- **THE DATA**:
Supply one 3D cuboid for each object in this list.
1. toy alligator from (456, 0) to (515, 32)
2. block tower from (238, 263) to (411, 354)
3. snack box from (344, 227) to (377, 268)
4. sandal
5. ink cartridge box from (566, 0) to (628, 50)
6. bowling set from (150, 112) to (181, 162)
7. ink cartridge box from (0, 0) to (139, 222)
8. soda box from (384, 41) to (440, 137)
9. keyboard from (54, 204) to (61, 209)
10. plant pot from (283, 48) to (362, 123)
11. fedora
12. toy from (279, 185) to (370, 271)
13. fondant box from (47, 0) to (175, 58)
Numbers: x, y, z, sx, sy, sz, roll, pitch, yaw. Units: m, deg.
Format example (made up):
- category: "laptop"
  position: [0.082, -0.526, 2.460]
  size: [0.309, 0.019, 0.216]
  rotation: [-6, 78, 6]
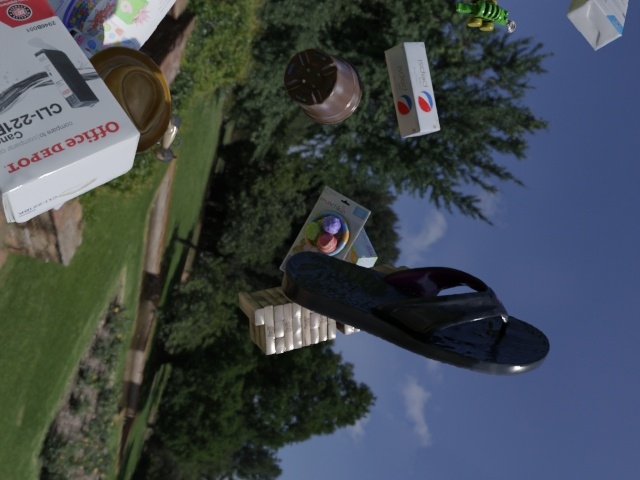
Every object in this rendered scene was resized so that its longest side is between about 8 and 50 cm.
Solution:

- **EXERCISE**:
Copy word for word every line from the one holding "12. toy from (279, 185) to (370, 271)" to the end of the listing, both ends included, but do not copy any pictures.

- **OUTPUT BELOW**:
12. toy from (279, 185) to (370, 271)
13. fondant box from (47, 0) to (175, 58)
Numbers: x, y, z, sx, sy, sz, roll, pitch, yaw. Units: m, deg.
Format example (made up):
- category: "laptop"
  position: [0.082, -0.526, 2.460]
  size: [0.309, 0.019, 0.216]
  rotation: [-6, 78, 6]
Every object in this rendered scene was resized so that its longest side is between about 8 and 50 cm.
Solution:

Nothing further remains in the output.